Les mandats ne doivent pas coïncider forcément, et si je suis élu par vous,
selon la nouveauté que je veux incarner, nouveauté puisant beaucoup dans nos
traditions et nos expériences de l’après-guerre si justement inspirées par les
legs et acquis de la Résistance, du Front populaire et de la Libération, je
proposerai qu’ils soient constitutionnellement de durée différente, comme ils
le furent jusqu’en 2002.
Je suis
certain que vous comprenez qu’il ne s’agit pas d’une manœuvre pour profiter de
sondages dont nous savons ce qu’ils valent, combien ils sont rapidement
réversibles et qui sont actuellement très favorables, à mon gouvernement, à ma personne en confiance
et en crédibilité, et aussi à nos finances pour que notre emprunt de destin
national a été dix fois souscrit en cinq jours ouvrables.
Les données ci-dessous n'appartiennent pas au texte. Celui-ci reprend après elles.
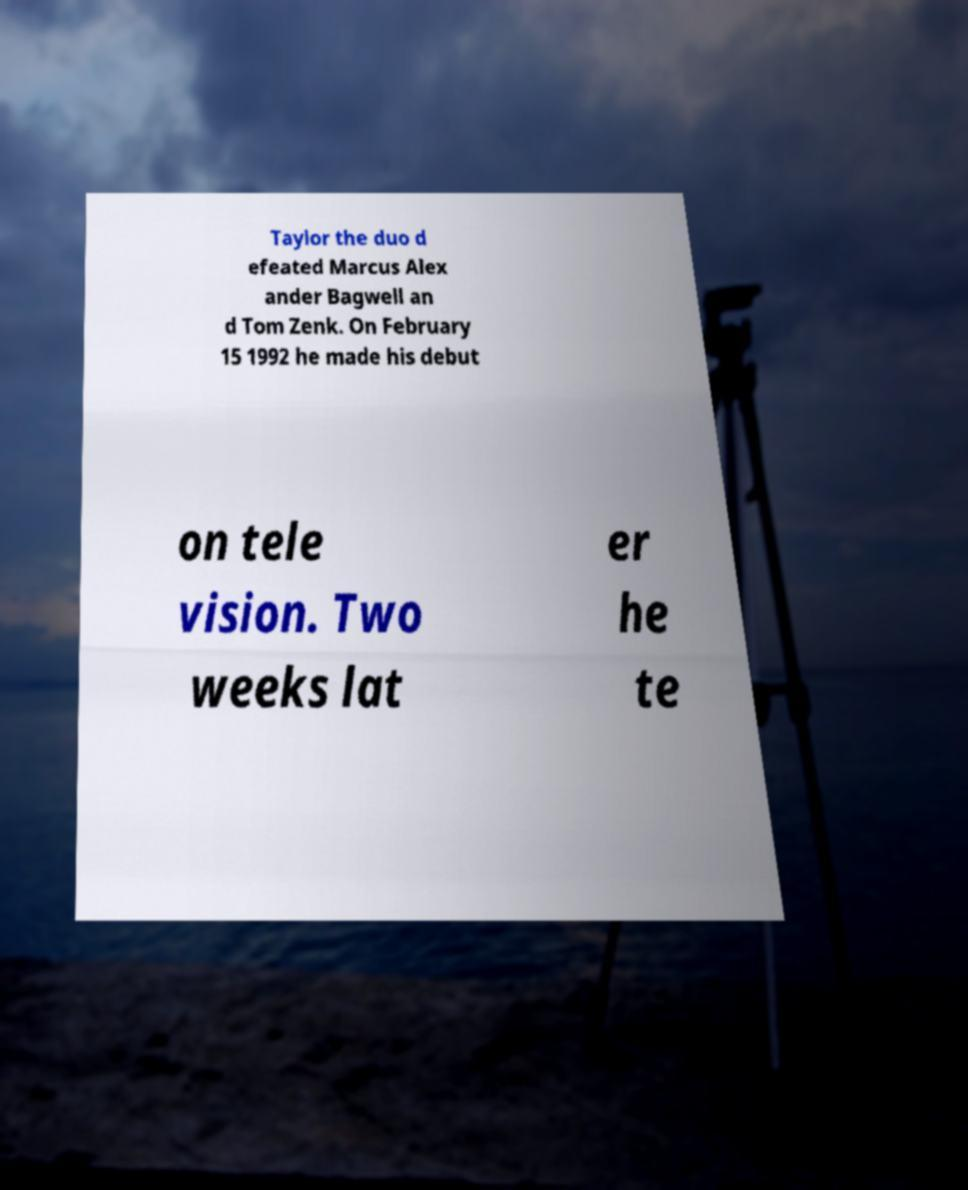Please read and relay the text visible in this image. What does it say? Taylor the duo d efeated Marcus Alex ander Bagwell an d Tom Zenk. On February 15 1992 he made his debut on tele vision. Two weeks lat er he te

Il s’agit de rétablir
notre démocratie, en restaurant notre Etat, en retrouvant le sens civique et le
goût du service public, en ramenant notre jeunesse à une application nationale
de ses enthousiasmes, de ses élans. Il s’agit pour l’Europe et pour les pays de
son voisinage ou qui lui sont historiquement liés de reconnaître dans l’exemple
français ce que chacun peut faire chez soi, ce que tous ensemble les Européens
peuvent faire.
Si vous ne m’élisez
pas, tel que vous m’avez vu et entendu ces temps-ci, tel qu’en témoigne déjà ce
qui est commencé par mon gouvernement, tout en restera au point où tout avait
commencé de changer. Qu’y pourrai-je ? A vous de décider !
Quelles que soient
vos préférences au premier tour de cette prochaine élection présidentielle dans
moins de deux mois, quel que soit votre élu quinze jours ensuite, qui recevra
la responsabilité de tout poursuivre ou de tout arrêter, de pousser ou pas la
grande révision européenne inventant notre démocratie à tous, confirmant nos
solidarités en tous domaines de la monnaie, à la défense et aux droits sociaux, restaurant
notre marché commun,
que vive la France
et vive notre République.
A bientôt donc
mes chers concitoyens. Je rentre dans le rang pour vous laisser choisir, et –
je l’espère ardemment – tout confirmer de ce qui a été commencé.